Here is a recap of our mock trading.
First Dan was stopped out of a long KC wheat position for a small profit; as that was the only booked trade that was closed today. It leaves us with about 75k profit on our winners with about 25k losses for a net of around 50k profit since we Sept 1st.
On the futures side of things Kevin added stop for his MPLS-KC Spread; in which he is a little bit behind. I added a stop and placed an objective on my long corn while adding more length at today's close. Basically a trade that is a scale buy trade.
Dan then moved his risk on his long MPLS March wheat up to help GTD that he locks in another winner; while opening up the upside; figuring a break threw of 9.00 could quickly accelerate buying.

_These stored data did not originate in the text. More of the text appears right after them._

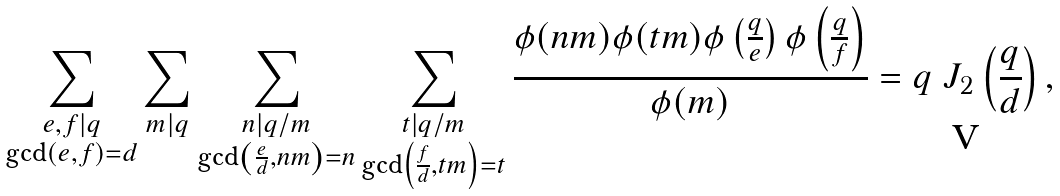Convert formula to latex. <formula><loc_0><loc_0><loc_500><loc_500>\sum _ { \substack { e , f | q \\ \gcd ( e , f ) = d } } \sum _ { m | q } \sum _ { \substack { n | q / m \\ \gcd \left ( \frac { e } { d } , n m \right ) = n } } \sum _ { \substack { t | q / m \\ \gcd \left ( \frac { f } { d } , t m \right ) = t } } \frac { \phi ( n m ) \phi ( t m ) \phi \left ( \frac { q } { e } \right ) \phi \left ( \frac { q } { f } \right ) } { \phi ( m ) } = q \ J _ { 2 } \left ( \frac { q } { d } \right ) ,</formula> 
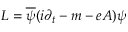<formula> <loc_0><loc_0><loc_500><loc_500>L = \overline { \psi } ( i \partial _ { t } - m - e A ) \psi</formula> 
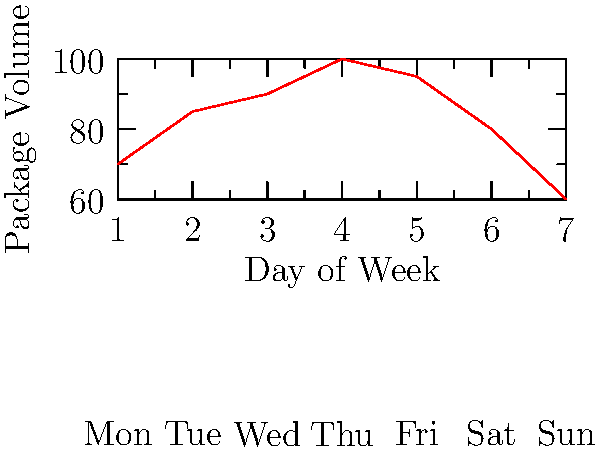Based on the graph showing package volume vs. day of the week, on which day would you recommend customers to order for the fastest delivery time, assuming processing time is inversely proportional to package volume? To determine the day with the fastest delivery time, we need to analyze the graph:

1. The graph shows package volume for each day of the week.
2. We're told that processing time is inversely proportional to package volume.
3. This means that lower package volume results in faster processing and delivery.
4. Examining the graph:
   - Monday (Day 1): Volume ≈ 70
   - Tuesday (Day 2): Volume ≈ 85
   - Wednesday (Day 3): Volume ≈ 90
   - Thursday (Day 4): Volume ≈ 100
   - Friday (Day 5): Volume ≈ 95
   - Saturday (Day 6): Volume ≈ 80
   - Sunday (Day 7): Volume ≈ 60
5. The lowest point on the graph corresponds to Sunday (Day 7).
6. Therefore, Sunday has the lowest package volume, which would result in the fastest processing and delivery time.
Answer: Sunday

I then had an open order to buy MPLS at 9.00 on a buy stop; decided to place a sell at the market with a 20 cent objective and changed my buy stop to a risk and reverse against my short MPLS March at 8.90. Bottom line i remain friendly but look for the market to congest a little bit before trying to make another leg higher.
Chris then placed our first non-grain trade; he shorted crude oil at 101.69; with a risk to 103.00 and a reverse objective at 95.00.
Dan then went long corn on the march; risking to 6.42 with an objective of 6.71.
Lastly on the futures bought 1 jan bean at the close; placed another order to buy another at 11.85; with a risk of 11.79 and an objective of 12.25
On the options side of things the only adjustment made was Chris putting in an order to sell 1 MPLS March 8.50 put if we close the MPLS March Futures above 9.00; adding to his strangle that he is currently up about 2500 on.
The last trade was Jeremey purchasing an 11.50 Jan bean put and buying a 12.00 Jan bean call. My exit is next week Wed (or at least that is the exit plan). The reason for the purchase of both of these with a game plan of exiting soon; is simply to try and pick up a little increase in volatility as these options only have an implied volatility of about 14-15%; whereas the corn and wheat options seem to be 25-35%; I don't want to have the theta eat me away that is why I plan on exiting in about a week; as i have it calculated that theta is going to cost about 30-35 a day; while a 10 % spike in volatility could give me a chance to make a couple thousand and a big move either way allows gamma to help my net delta position out in a hurry.
Jordan was ill and didn't make the session; so all of his open trades are still open. Perhaps being long all of the beans made him a little ill?